#### Dataset extract
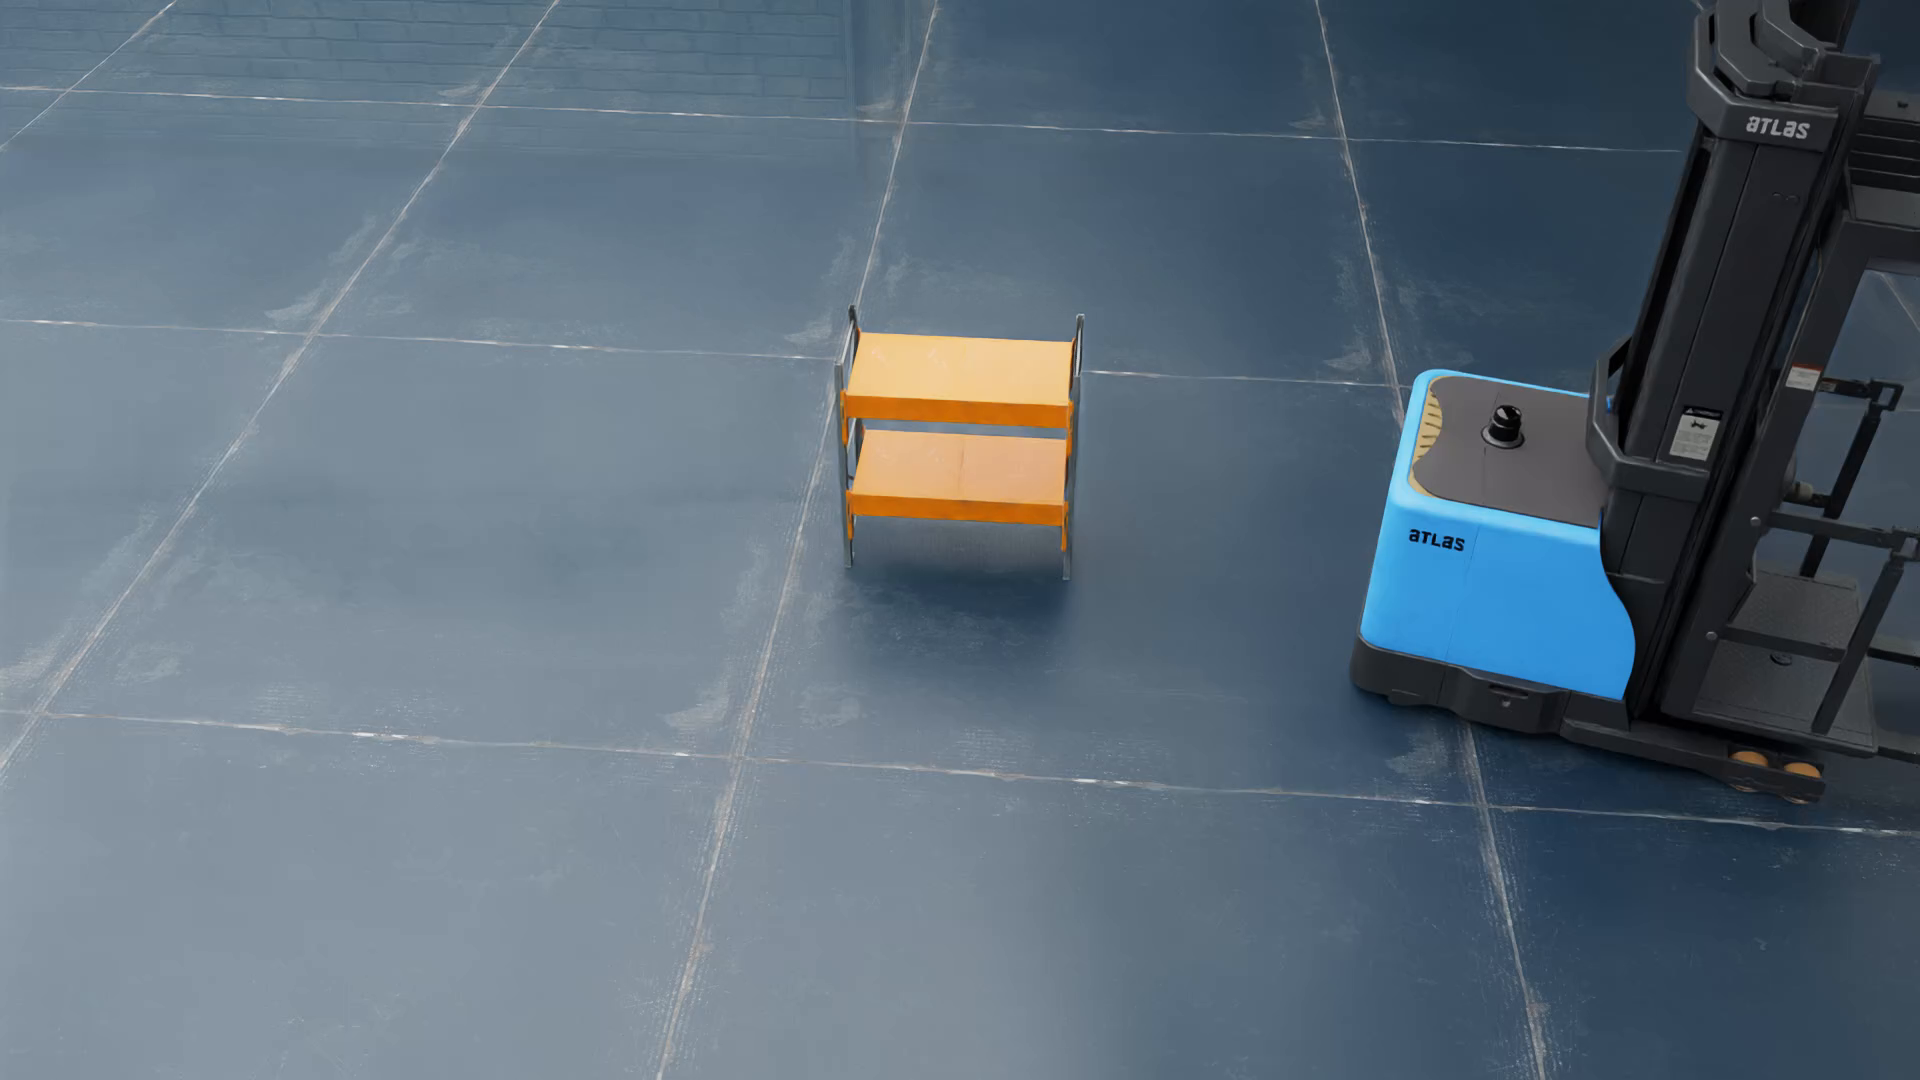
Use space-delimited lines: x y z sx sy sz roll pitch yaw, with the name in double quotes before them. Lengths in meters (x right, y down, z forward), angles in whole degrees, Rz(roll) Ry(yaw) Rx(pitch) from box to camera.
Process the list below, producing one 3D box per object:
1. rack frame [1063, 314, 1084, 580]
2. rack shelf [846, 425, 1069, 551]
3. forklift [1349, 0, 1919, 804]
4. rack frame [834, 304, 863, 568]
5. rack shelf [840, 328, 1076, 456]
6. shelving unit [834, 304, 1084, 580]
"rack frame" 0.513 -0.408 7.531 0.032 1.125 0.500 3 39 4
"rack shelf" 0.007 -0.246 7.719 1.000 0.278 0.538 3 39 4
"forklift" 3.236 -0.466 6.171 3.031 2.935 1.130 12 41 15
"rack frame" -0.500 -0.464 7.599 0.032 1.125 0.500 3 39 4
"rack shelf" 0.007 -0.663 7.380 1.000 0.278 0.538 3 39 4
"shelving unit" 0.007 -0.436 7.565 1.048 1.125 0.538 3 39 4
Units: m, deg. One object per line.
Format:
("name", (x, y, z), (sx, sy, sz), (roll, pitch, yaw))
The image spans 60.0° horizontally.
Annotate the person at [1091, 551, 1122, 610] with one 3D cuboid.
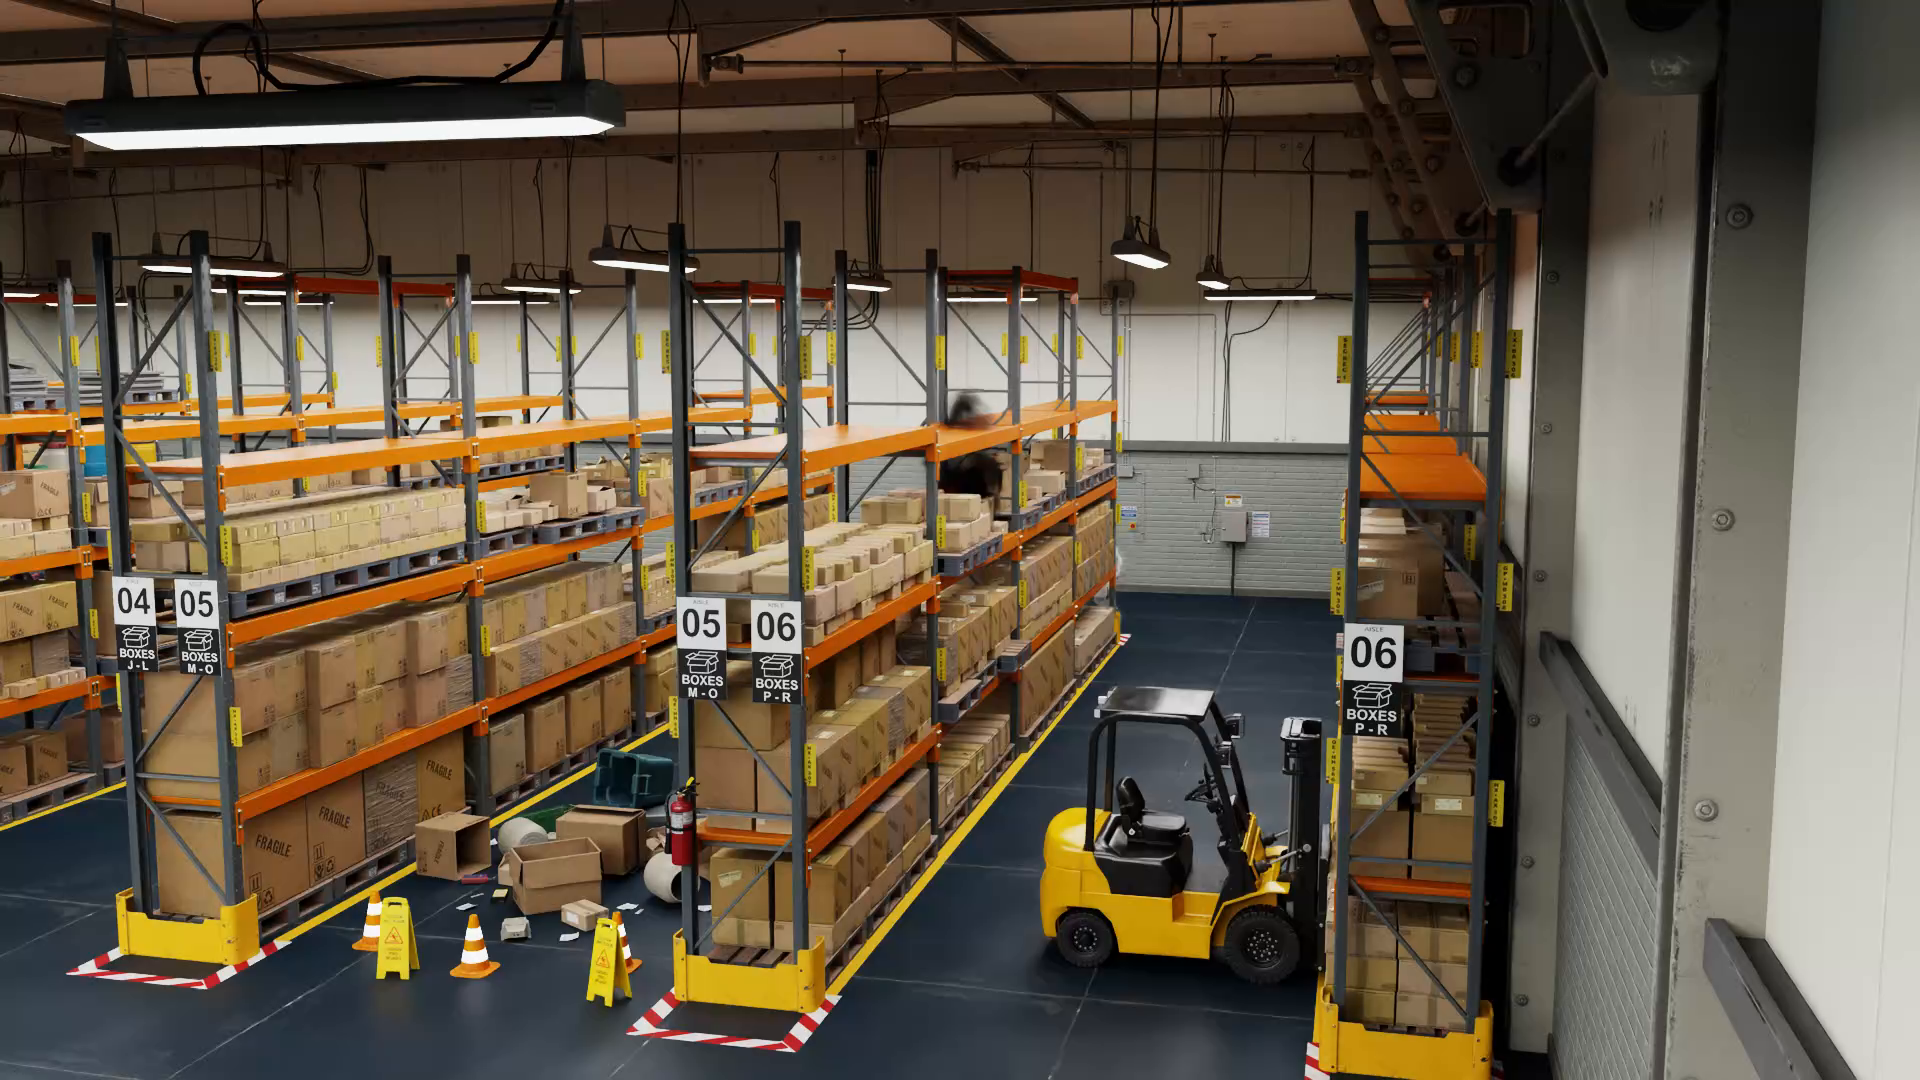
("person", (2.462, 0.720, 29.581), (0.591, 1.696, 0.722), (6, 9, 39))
########
#### Dataset extract
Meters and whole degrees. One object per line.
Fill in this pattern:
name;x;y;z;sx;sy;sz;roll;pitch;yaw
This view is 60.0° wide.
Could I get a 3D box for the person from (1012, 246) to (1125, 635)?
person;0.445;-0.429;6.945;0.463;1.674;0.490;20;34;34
########
#### Dataset extract
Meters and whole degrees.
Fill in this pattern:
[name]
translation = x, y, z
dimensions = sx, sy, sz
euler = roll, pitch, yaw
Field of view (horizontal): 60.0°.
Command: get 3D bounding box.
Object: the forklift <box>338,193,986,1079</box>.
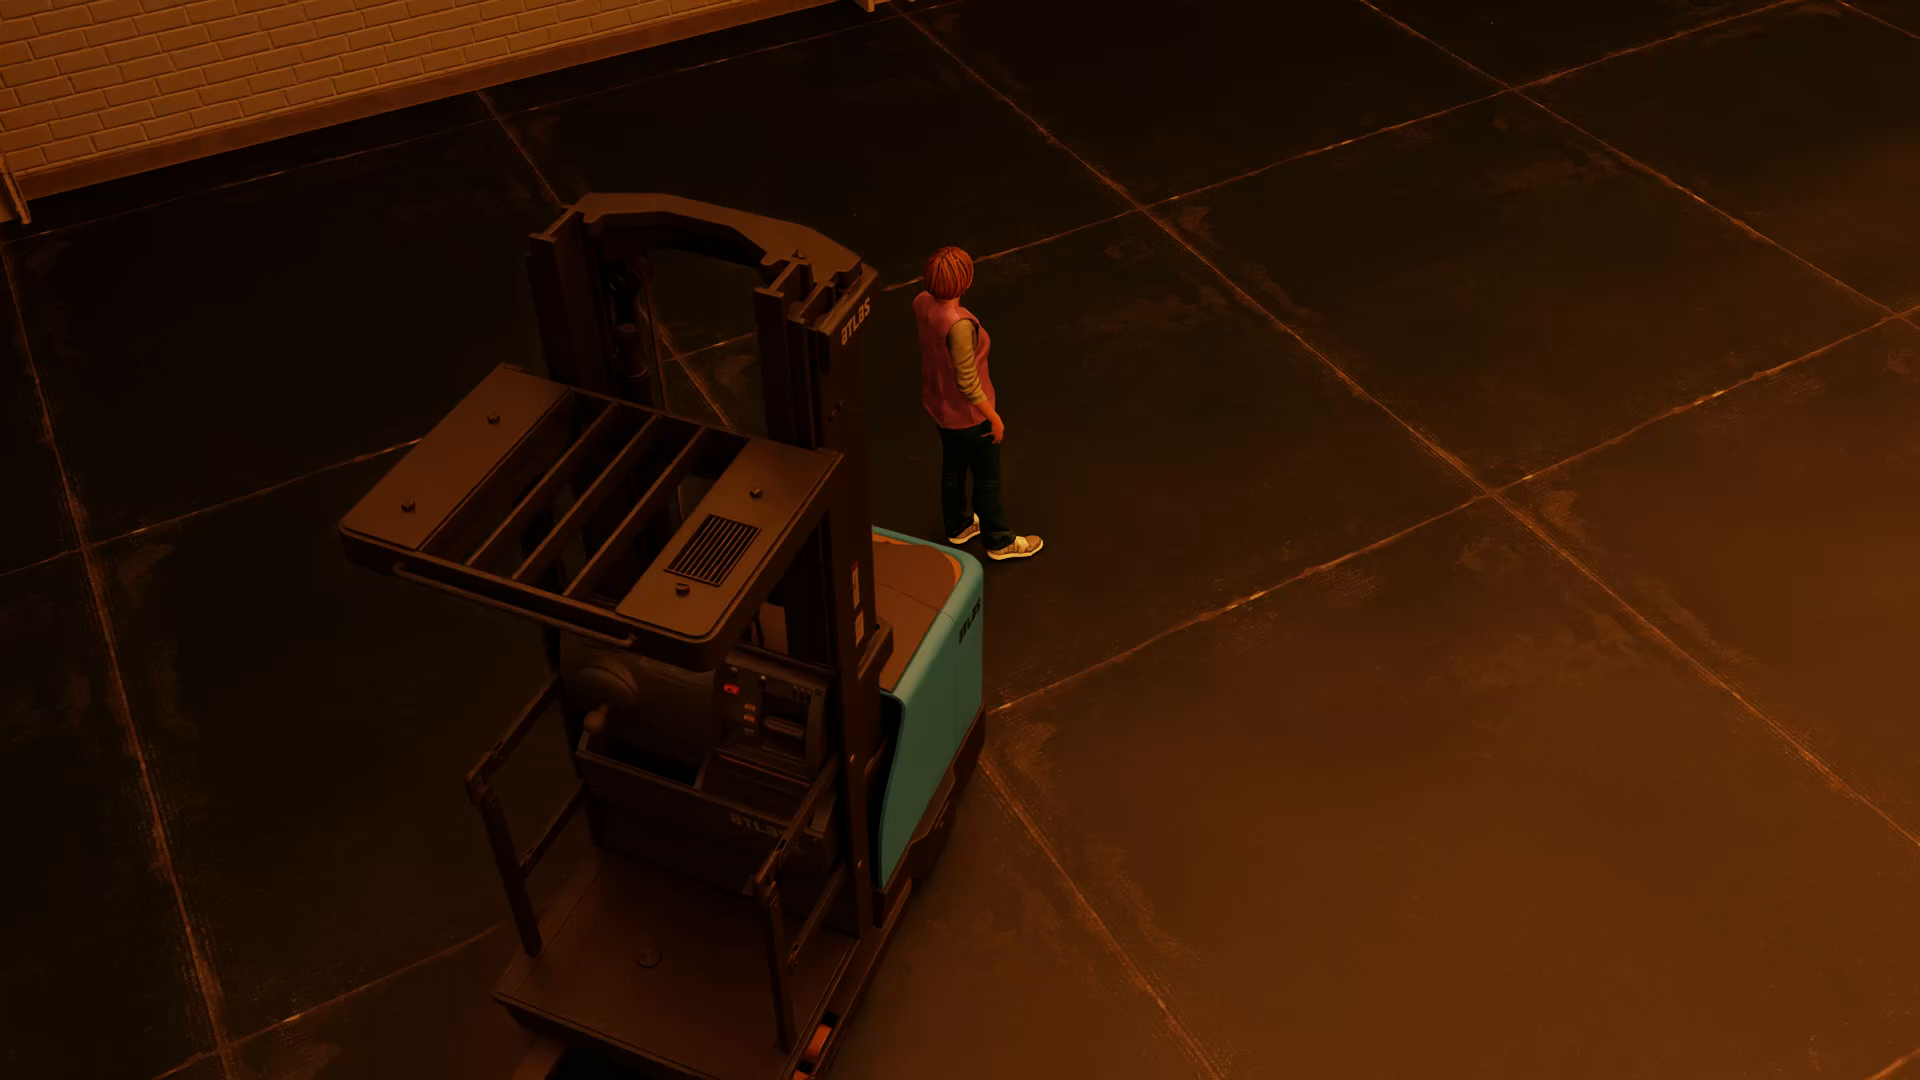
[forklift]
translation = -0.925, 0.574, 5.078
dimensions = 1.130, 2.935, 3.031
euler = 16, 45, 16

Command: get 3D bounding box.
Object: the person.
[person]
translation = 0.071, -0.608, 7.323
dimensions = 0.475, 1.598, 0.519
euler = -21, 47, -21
########
*The problem*
Write out exactly the lines above from the line with "2. rack shelf [846, 425, 1069, 551]" through the line with "5. rack shelf [840, 328, 1076, 456]", both of them included, and leave out all other lines.

*Response to this task*
2. rack shelf [846, 425, 1069, 551]
3. forklift [1349, 0, 1919, 804]
4. rack frame [834, 304, 863, 568]
5. rack shelf [840, 328, 1076, 456]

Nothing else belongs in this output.